** Opening Material provided block **

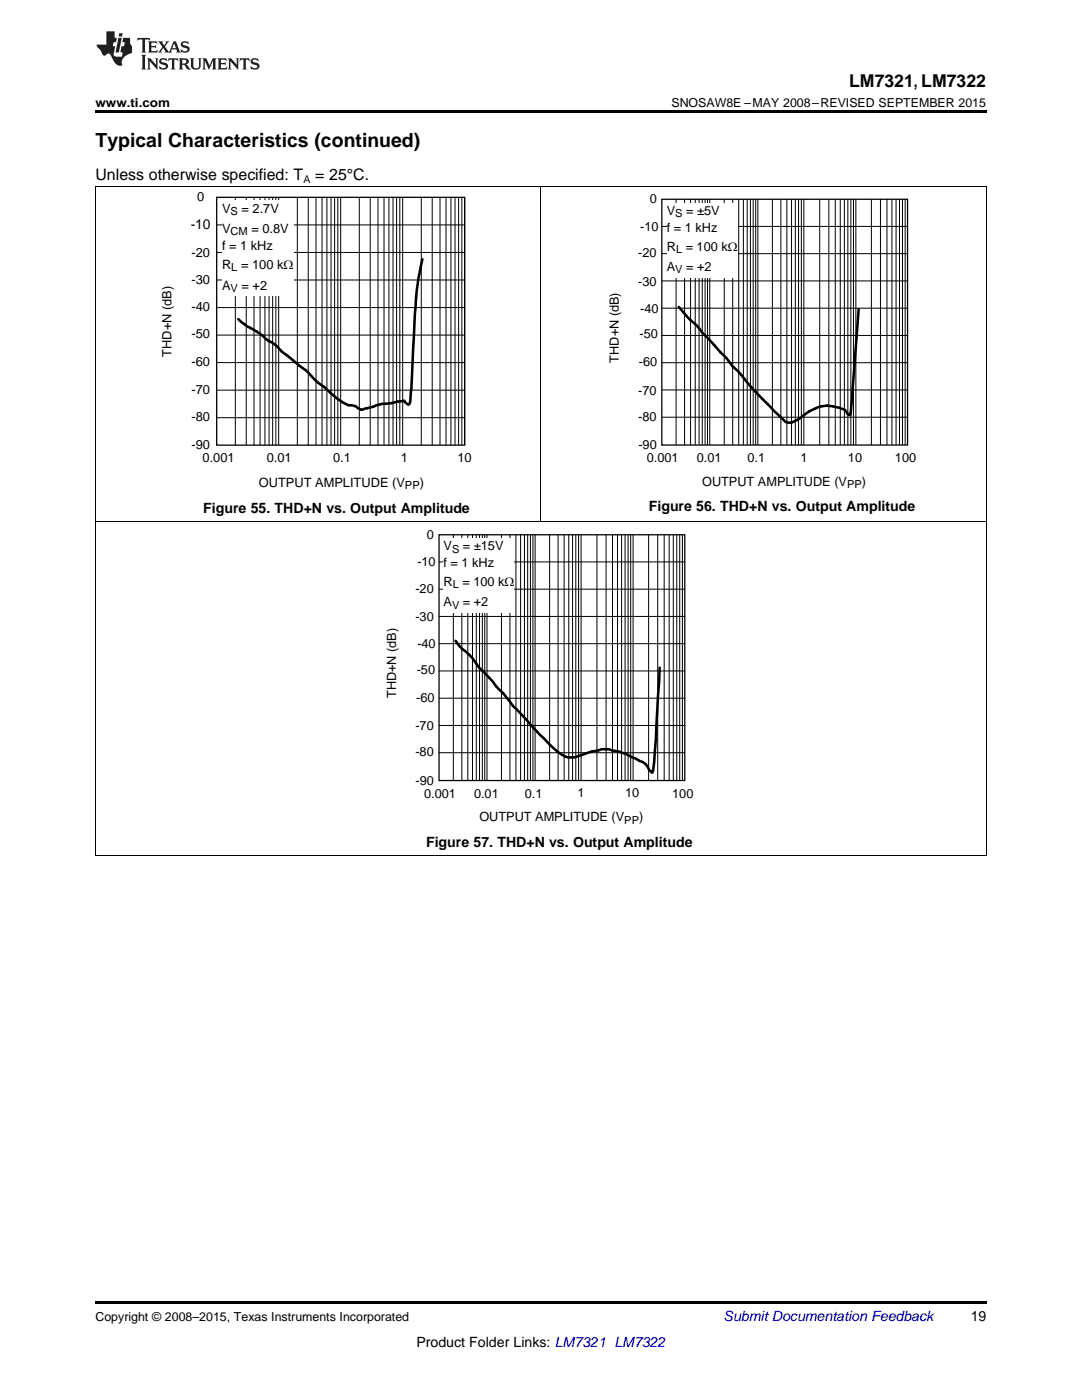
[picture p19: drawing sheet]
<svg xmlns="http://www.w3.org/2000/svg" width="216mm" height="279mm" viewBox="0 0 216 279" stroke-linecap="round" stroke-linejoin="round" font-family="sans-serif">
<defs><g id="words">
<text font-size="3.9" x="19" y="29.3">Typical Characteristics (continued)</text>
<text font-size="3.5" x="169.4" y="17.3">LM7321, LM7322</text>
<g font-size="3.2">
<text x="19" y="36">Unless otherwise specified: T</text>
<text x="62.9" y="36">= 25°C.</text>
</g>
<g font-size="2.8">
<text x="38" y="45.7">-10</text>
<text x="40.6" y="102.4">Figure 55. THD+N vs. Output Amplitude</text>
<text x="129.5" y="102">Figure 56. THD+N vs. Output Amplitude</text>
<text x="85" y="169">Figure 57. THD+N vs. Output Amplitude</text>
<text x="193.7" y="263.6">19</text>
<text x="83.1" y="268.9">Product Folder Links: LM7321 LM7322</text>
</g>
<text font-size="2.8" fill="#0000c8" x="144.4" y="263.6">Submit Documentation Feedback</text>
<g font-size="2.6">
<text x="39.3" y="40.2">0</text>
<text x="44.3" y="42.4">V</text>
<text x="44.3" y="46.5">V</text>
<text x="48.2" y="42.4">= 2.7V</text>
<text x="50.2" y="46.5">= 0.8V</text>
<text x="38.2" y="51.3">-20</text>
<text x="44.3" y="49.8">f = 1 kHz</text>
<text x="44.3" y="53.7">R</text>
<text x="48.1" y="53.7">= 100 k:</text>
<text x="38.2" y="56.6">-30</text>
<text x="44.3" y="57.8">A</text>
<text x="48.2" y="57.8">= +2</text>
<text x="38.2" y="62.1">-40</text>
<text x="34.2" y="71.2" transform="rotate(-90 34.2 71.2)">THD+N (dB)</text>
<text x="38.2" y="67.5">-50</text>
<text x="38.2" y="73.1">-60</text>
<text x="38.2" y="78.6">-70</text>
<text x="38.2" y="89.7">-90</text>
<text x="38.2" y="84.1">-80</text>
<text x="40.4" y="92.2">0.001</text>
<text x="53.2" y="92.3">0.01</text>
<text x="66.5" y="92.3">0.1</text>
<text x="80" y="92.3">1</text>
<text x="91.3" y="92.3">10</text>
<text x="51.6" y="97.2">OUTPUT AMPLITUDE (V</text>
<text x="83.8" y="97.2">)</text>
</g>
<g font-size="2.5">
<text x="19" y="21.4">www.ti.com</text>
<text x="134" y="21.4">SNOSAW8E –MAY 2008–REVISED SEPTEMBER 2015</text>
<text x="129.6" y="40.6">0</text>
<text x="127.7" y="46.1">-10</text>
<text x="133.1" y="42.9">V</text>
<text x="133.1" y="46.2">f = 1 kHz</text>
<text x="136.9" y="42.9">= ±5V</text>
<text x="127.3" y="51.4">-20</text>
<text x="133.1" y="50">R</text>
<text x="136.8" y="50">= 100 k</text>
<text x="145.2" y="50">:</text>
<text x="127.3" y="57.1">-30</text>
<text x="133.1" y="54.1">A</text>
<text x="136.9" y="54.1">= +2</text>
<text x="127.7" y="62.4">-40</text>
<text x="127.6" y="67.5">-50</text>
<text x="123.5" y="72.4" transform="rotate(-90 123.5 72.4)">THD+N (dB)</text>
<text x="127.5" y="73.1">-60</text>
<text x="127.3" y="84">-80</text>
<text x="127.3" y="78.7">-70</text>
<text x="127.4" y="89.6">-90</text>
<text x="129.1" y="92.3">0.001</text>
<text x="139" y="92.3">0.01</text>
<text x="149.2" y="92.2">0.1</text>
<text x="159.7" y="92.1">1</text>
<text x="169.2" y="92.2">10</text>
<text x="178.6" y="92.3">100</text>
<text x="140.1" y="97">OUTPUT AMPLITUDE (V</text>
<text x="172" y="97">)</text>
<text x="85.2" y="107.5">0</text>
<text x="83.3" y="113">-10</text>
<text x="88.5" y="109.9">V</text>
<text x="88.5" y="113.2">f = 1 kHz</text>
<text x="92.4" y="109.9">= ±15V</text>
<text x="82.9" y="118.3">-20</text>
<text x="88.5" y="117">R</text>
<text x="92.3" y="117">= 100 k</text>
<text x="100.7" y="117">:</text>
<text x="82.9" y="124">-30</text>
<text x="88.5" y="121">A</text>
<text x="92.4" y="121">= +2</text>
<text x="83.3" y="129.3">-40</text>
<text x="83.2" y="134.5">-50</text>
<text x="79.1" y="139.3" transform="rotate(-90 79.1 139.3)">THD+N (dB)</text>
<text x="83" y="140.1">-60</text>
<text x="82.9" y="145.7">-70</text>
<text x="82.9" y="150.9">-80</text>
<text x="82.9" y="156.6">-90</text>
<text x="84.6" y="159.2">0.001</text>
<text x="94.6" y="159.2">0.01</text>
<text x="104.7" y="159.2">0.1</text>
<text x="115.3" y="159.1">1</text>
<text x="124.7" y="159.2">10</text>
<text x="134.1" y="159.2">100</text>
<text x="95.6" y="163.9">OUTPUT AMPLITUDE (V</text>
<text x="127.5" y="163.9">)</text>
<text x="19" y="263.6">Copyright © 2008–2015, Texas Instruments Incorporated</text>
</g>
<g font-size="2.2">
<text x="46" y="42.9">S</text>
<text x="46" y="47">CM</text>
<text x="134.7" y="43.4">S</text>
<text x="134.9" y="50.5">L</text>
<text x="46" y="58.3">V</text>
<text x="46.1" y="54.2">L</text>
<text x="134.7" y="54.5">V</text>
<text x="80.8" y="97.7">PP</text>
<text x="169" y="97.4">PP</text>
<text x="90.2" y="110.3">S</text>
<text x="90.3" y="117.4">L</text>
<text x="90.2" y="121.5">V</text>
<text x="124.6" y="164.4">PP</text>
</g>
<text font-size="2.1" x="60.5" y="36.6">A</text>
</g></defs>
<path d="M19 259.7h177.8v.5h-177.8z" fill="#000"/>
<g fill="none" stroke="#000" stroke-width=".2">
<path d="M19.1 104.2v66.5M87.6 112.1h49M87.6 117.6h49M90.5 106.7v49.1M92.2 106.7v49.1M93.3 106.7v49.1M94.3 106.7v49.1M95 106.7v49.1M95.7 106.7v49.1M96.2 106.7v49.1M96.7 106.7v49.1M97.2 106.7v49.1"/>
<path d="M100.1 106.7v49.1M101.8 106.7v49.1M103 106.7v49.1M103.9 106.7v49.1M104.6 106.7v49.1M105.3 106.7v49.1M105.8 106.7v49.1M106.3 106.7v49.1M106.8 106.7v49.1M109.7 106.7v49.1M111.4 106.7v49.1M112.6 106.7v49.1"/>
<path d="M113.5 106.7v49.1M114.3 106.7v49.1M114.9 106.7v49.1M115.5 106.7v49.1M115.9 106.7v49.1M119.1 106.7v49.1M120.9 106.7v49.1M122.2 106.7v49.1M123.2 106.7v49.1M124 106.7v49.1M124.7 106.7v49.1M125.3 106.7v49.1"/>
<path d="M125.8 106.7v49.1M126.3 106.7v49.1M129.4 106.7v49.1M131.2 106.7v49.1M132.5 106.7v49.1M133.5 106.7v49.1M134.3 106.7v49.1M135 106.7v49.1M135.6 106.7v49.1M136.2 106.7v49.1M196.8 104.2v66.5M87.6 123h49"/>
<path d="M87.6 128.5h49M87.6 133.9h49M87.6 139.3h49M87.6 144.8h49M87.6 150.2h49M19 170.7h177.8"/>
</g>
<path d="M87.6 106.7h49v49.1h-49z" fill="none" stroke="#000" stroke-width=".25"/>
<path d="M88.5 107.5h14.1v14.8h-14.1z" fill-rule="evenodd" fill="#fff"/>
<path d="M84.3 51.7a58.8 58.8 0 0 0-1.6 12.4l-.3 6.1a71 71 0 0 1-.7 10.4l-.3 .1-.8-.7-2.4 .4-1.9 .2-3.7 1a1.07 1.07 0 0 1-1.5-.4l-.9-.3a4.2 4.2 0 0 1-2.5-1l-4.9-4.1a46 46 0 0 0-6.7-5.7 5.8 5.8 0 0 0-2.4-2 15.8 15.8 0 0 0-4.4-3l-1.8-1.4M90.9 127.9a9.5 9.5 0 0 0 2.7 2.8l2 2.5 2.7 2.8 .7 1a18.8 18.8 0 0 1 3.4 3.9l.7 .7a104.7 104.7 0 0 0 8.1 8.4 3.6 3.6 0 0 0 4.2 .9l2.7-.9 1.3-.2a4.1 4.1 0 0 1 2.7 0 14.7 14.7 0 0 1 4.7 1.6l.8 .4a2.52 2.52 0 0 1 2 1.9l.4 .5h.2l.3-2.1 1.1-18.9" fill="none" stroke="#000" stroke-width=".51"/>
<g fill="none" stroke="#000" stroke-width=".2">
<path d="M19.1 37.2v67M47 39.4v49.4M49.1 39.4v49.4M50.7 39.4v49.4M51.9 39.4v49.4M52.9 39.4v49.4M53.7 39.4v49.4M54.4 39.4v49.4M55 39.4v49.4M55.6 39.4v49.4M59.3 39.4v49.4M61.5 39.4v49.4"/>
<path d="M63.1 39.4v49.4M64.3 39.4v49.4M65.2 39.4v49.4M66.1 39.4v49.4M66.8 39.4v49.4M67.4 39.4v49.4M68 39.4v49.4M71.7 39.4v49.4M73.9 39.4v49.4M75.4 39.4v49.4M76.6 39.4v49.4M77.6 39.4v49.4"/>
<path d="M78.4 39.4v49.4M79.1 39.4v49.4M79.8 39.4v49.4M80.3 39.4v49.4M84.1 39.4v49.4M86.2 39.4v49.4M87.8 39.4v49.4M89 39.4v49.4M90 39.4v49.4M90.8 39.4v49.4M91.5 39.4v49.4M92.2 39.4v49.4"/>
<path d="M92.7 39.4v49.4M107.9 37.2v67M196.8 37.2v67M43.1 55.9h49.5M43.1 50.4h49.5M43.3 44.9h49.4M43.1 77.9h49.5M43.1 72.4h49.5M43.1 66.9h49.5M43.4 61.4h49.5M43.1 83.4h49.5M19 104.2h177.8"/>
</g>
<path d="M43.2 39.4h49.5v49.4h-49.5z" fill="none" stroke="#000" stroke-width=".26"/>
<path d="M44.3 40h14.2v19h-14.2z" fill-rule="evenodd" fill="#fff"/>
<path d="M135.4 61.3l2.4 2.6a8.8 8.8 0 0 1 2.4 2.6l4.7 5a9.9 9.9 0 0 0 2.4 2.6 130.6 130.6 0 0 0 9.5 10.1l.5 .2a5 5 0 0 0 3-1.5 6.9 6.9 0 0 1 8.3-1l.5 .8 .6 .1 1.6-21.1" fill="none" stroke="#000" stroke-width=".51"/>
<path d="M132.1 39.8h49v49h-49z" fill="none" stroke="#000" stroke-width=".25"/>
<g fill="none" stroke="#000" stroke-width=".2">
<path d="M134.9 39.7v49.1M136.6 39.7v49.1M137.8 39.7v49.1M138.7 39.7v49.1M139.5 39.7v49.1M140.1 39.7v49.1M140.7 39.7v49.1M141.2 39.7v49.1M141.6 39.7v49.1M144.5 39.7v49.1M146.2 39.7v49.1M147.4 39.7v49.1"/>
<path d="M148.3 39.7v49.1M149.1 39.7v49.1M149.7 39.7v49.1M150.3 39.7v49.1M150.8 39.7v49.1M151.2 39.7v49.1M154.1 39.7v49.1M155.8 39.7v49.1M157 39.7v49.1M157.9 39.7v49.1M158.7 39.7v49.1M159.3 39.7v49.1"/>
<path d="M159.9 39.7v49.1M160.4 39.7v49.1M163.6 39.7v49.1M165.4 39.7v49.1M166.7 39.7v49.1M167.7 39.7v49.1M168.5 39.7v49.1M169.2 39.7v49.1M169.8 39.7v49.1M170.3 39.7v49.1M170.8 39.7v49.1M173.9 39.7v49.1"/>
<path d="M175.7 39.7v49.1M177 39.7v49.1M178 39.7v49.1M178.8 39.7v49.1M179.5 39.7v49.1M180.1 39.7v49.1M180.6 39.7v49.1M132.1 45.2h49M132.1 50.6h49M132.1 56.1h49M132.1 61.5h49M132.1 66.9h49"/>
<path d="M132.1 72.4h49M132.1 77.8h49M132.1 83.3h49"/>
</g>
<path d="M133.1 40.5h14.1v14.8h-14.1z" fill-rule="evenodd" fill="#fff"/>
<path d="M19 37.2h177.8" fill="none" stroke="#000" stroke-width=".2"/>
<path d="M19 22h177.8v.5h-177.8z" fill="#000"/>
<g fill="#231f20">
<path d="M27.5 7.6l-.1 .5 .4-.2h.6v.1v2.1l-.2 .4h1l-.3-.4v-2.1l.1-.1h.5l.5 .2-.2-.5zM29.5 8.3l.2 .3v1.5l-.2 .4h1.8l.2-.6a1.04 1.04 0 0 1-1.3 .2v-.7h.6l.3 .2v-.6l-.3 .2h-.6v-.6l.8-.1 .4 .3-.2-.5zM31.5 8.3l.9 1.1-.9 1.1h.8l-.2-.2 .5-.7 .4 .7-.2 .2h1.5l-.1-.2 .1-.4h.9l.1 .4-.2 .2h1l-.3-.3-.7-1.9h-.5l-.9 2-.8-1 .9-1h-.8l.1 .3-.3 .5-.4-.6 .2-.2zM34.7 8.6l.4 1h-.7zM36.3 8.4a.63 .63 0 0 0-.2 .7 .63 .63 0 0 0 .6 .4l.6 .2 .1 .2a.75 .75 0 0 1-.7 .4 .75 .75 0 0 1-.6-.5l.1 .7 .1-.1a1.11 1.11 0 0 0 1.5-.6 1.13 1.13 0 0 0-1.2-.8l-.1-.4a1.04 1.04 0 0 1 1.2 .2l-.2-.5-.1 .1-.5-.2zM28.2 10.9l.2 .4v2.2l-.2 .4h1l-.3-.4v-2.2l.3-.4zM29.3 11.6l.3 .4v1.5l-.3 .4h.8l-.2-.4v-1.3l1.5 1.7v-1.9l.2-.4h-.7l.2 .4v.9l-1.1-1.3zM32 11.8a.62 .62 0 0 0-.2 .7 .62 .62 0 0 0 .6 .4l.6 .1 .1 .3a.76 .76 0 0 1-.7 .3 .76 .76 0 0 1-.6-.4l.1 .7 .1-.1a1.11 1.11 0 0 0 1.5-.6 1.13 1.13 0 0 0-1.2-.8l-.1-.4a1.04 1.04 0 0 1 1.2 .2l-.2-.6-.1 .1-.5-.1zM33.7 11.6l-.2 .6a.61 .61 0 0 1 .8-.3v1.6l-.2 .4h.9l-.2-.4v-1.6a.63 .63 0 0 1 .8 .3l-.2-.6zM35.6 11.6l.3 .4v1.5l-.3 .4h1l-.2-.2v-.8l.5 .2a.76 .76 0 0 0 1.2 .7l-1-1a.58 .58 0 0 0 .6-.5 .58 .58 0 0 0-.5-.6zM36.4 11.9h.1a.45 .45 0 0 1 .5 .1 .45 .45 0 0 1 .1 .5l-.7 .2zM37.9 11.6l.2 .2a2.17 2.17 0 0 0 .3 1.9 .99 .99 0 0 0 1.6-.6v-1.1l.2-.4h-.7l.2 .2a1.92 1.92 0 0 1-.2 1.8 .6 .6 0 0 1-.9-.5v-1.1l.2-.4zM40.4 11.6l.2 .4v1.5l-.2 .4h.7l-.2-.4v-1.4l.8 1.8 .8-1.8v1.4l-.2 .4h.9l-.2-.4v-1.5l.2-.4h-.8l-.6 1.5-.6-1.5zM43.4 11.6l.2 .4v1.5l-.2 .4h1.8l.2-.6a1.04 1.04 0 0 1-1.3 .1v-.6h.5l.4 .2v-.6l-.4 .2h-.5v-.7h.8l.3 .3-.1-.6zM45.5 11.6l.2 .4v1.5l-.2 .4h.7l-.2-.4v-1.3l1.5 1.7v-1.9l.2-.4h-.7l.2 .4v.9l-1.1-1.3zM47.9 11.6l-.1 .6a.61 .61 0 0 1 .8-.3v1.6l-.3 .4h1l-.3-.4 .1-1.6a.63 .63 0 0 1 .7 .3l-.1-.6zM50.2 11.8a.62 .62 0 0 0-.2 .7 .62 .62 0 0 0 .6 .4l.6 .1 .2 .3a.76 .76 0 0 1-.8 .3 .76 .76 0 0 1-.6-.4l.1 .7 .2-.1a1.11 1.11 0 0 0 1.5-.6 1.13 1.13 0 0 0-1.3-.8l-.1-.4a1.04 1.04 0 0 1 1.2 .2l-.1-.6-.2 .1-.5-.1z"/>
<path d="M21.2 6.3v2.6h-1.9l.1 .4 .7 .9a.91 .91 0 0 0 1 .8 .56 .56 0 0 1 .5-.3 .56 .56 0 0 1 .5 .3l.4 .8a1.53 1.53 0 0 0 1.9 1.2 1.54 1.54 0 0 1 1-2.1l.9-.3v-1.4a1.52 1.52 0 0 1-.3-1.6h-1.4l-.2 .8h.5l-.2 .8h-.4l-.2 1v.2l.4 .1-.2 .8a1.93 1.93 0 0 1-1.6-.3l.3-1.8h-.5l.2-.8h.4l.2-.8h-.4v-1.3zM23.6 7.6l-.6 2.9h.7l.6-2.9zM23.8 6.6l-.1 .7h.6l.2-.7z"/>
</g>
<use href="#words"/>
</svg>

** Closing Material provided block **

The expected output is every line of the records in which the string "font" appears.

<svg xmlns="http://www.w3.org/2000/svg" width="216mm" height="279mm" viewBox="0 0 216 279" stroke-linecap="round" stroke-linejoin="round" font-family="sans-serif">
<text font-size="3.9" x="19" y="29.3">Typical Characteristics (continued)</text>
<text font-size="3.5" x="169.4" y="17.3">LM7321, LM7322</text>
<g font-size="3.2">
<g font-size="2.8">
<text font-size="2.8" fill="#0000c8" x="144.4" y="263.6">Submit Documentation Feedback</text>
<g font-size="2.6">
<g font-size="2.5">
<g font-size="2.2">
<text font-size="2.1" x="60.5" y="36.6">A</text>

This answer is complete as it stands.